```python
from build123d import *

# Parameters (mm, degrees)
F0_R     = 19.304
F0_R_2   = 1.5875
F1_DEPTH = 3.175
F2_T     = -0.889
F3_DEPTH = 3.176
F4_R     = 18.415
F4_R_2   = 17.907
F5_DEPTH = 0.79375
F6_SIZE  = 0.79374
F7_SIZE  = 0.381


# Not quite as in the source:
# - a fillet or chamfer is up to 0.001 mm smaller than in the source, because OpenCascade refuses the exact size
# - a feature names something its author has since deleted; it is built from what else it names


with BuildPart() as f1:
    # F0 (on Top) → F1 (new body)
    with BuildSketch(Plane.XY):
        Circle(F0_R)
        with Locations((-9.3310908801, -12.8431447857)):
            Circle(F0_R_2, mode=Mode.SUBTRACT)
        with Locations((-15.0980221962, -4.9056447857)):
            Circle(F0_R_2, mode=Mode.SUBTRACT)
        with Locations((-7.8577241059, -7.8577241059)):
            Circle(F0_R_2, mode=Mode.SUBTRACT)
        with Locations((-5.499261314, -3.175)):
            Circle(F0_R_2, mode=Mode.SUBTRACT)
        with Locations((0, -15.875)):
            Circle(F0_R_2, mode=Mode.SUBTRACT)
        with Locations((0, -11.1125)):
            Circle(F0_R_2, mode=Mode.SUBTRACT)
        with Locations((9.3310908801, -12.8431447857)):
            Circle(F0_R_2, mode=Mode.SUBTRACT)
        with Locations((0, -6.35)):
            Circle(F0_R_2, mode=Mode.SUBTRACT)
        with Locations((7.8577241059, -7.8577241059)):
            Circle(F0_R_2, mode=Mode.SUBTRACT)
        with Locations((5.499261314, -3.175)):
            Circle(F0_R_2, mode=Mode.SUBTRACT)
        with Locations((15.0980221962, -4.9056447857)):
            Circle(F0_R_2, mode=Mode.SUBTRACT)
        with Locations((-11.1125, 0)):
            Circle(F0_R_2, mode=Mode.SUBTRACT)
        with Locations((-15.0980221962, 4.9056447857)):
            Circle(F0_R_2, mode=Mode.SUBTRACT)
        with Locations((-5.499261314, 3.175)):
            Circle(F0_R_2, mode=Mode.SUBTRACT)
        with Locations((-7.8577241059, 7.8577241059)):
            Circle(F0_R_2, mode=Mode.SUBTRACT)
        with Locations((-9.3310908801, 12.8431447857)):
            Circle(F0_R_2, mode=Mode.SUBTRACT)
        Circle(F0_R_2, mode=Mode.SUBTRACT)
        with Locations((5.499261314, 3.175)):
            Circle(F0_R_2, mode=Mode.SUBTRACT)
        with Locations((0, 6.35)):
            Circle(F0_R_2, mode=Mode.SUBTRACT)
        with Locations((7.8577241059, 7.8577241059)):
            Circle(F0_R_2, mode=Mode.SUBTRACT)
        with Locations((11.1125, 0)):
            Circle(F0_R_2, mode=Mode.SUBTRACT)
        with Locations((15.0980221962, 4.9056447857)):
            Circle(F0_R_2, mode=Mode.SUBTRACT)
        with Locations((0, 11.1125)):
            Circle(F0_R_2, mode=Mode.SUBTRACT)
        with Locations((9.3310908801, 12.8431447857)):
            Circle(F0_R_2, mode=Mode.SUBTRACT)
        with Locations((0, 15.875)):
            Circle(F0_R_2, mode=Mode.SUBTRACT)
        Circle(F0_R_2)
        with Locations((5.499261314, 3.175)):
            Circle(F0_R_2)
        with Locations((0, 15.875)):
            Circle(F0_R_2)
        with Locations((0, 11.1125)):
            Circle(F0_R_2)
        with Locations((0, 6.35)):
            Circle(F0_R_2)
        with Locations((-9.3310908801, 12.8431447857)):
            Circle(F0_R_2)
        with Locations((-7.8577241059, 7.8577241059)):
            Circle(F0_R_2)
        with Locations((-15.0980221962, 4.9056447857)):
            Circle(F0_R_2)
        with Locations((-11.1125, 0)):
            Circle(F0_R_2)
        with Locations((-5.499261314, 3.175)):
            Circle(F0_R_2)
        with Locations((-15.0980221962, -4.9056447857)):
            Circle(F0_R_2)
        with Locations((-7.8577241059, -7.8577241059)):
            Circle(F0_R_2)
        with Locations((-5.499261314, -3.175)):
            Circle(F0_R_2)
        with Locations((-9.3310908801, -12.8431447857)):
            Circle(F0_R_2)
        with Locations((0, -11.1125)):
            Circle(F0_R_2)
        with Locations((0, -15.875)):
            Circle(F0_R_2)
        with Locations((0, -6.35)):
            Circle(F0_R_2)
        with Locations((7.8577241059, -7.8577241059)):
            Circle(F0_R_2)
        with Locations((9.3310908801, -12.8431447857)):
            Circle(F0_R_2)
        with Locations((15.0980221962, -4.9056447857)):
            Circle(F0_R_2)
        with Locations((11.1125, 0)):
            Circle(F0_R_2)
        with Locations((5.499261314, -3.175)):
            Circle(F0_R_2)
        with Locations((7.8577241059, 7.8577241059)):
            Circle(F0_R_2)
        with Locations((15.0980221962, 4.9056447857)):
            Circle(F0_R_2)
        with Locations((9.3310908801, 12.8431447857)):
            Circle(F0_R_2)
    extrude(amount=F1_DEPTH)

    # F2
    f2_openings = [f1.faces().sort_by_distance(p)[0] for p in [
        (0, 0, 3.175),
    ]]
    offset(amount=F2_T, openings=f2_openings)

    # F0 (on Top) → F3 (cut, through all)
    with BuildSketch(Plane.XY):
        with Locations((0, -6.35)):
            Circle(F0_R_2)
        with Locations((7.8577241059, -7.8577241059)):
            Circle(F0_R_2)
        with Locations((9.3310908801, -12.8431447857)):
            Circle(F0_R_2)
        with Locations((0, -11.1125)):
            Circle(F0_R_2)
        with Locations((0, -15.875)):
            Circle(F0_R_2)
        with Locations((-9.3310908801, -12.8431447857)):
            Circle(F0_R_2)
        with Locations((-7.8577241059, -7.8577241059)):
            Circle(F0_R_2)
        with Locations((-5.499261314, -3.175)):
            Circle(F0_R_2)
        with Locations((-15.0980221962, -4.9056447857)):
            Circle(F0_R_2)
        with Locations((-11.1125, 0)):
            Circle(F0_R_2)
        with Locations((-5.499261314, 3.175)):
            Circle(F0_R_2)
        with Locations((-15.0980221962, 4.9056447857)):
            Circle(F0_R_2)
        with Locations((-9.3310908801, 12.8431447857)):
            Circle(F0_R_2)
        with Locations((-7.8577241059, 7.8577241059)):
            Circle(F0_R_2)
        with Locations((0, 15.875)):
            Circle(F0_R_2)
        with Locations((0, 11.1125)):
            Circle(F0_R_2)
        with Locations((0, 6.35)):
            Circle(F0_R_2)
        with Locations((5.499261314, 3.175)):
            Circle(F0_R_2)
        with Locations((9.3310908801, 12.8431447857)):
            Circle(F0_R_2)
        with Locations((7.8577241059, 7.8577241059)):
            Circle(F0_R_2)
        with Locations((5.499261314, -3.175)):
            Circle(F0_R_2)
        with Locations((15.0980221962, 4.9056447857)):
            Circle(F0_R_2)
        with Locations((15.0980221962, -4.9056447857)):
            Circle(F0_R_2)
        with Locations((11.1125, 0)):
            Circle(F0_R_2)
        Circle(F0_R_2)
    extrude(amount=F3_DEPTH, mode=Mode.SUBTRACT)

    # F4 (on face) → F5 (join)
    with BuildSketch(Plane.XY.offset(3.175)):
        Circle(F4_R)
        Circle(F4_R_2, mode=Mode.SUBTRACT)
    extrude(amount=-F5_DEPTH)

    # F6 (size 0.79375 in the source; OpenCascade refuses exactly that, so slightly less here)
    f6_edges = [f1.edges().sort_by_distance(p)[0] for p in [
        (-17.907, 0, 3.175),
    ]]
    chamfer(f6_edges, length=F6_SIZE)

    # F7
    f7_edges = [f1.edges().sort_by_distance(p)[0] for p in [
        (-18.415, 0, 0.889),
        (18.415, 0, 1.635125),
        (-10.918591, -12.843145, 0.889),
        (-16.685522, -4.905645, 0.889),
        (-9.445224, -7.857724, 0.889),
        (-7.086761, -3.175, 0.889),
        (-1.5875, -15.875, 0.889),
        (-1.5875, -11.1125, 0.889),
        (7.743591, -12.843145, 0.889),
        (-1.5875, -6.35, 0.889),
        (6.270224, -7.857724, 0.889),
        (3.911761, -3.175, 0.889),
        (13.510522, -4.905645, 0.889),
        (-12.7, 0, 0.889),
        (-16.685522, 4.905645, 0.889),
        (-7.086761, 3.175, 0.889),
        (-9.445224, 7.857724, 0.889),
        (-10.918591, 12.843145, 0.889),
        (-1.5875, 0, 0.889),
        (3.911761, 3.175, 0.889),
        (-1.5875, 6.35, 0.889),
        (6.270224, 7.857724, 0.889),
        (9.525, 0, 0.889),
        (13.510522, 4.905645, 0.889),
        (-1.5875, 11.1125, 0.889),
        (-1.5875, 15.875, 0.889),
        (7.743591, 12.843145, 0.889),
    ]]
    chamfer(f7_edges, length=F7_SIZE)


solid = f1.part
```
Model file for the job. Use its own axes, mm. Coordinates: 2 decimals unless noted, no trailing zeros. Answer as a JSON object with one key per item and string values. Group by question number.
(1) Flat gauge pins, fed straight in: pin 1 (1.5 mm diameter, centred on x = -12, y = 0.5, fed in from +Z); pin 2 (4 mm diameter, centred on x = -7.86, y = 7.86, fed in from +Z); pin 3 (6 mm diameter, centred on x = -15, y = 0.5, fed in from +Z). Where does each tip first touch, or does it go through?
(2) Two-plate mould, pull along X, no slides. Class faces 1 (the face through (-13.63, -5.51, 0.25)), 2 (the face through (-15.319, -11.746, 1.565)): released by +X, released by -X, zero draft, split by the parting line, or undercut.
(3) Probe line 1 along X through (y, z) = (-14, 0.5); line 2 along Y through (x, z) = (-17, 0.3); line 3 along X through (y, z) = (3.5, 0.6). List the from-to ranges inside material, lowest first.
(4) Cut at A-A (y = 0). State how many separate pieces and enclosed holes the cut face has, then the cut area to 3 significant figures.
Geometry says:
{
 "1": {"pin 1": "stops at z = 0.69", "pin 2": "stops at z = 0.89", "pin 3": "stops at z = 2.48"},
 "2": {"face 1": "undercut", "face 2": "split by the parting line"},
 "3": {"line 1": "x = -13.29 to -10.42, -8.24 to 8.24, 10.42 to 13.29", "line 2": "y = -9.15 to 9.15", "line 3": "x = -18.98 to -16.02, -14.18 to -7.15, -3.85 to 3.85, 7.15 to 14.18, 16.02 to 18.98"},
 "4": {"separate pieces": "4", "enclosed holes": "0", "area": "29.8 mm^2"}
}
###
#### ASSIGNED TASK:
Each line in the data above either holds "offset" or does not. State how many do, as a bare number.

#### EXERCISE RESULT:
2